#### [What is being asked]
Output each of the entries exactly, skipping every picture they contain.

[Stored data]
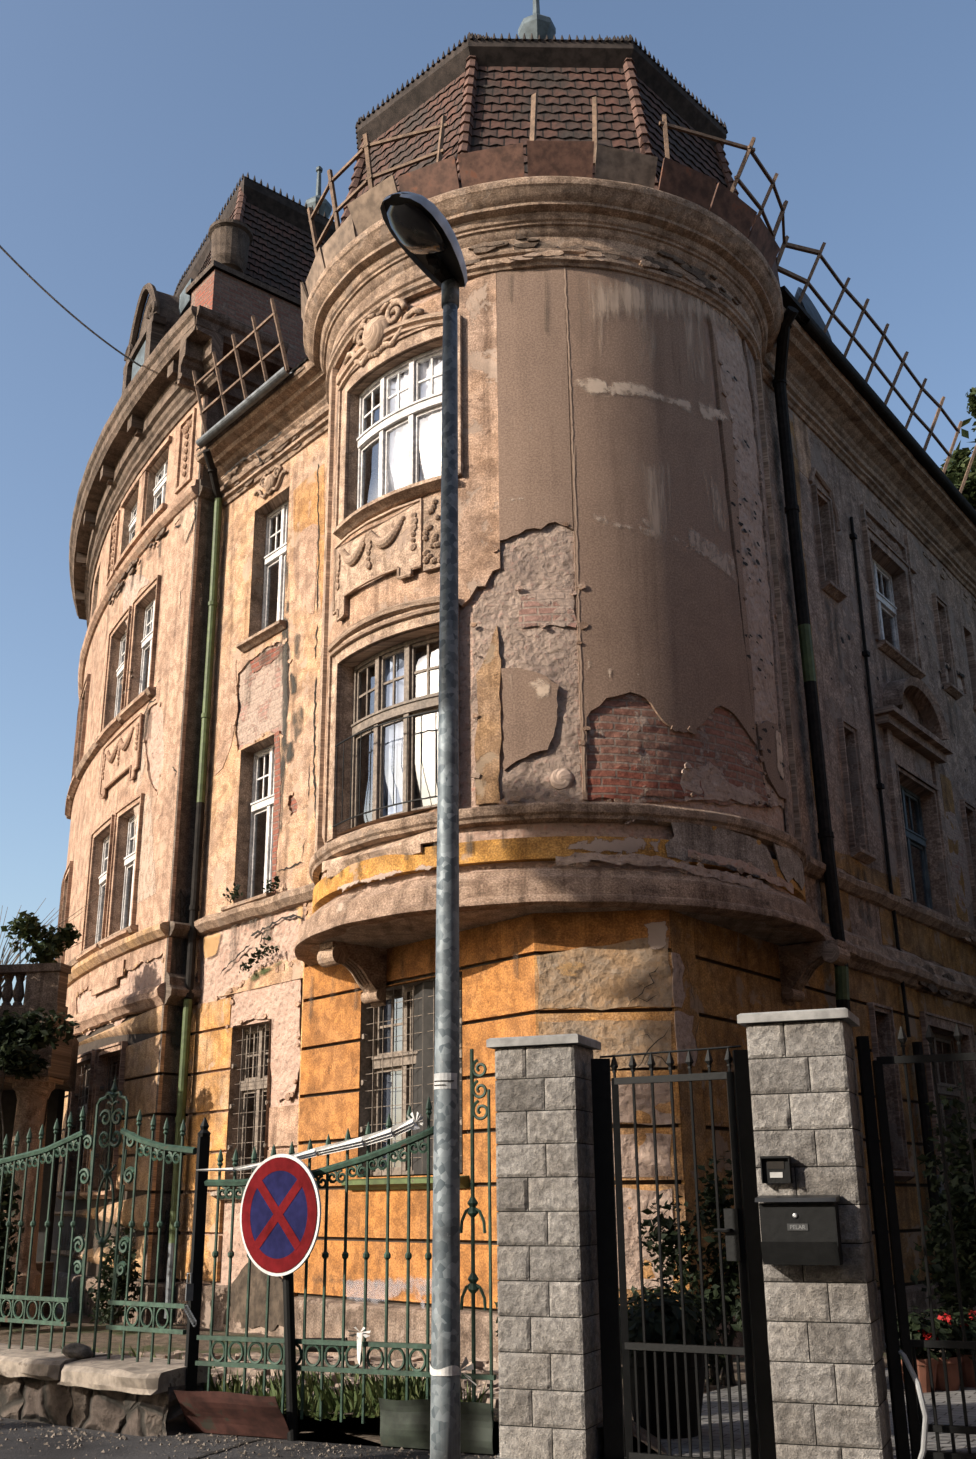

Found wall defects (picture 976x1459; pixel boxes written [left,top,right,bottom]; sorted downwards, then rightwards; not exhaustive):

peeling [465,236,620,267]
spalling [470,250,791,867]
spalling [232,638,293,750]
peeling [756,840,805,890]
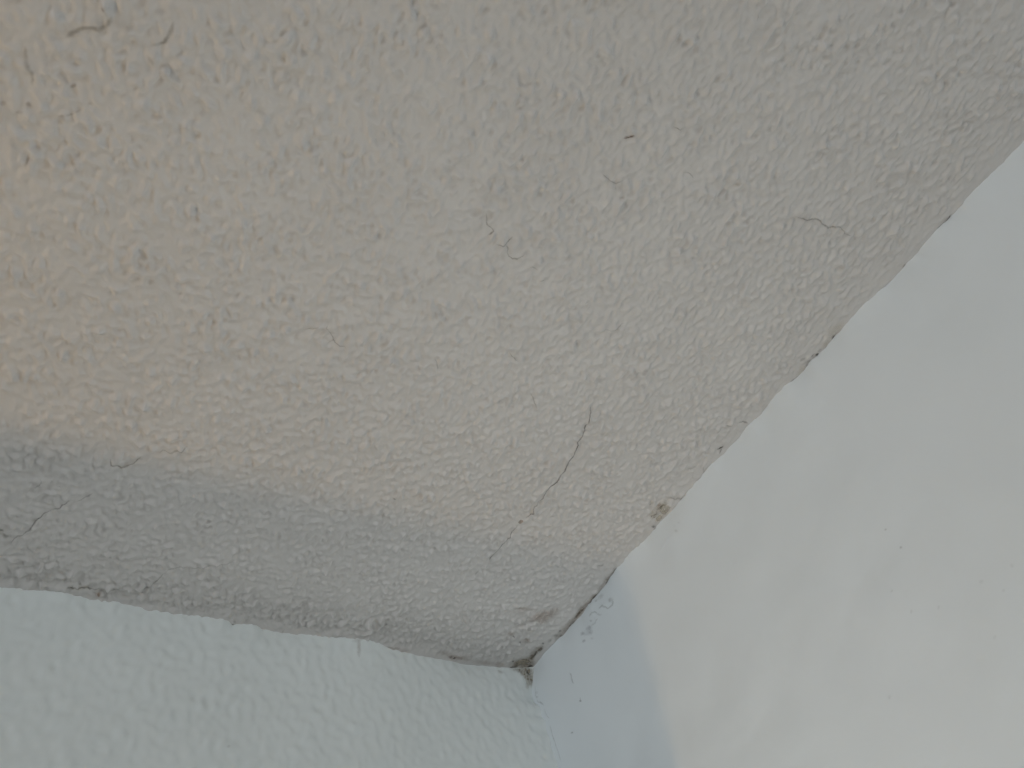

#### [Finished task]
Found wall defects (picture 976x1459; pixel boxes written [left,top,right,bottom]; sorted downwards, then rightwards; not exhaustive):

peeling [465,236,620,267]
spalling [470,250,791,867]
spalling [232,638,293,750]
peeling [756,840,805,890]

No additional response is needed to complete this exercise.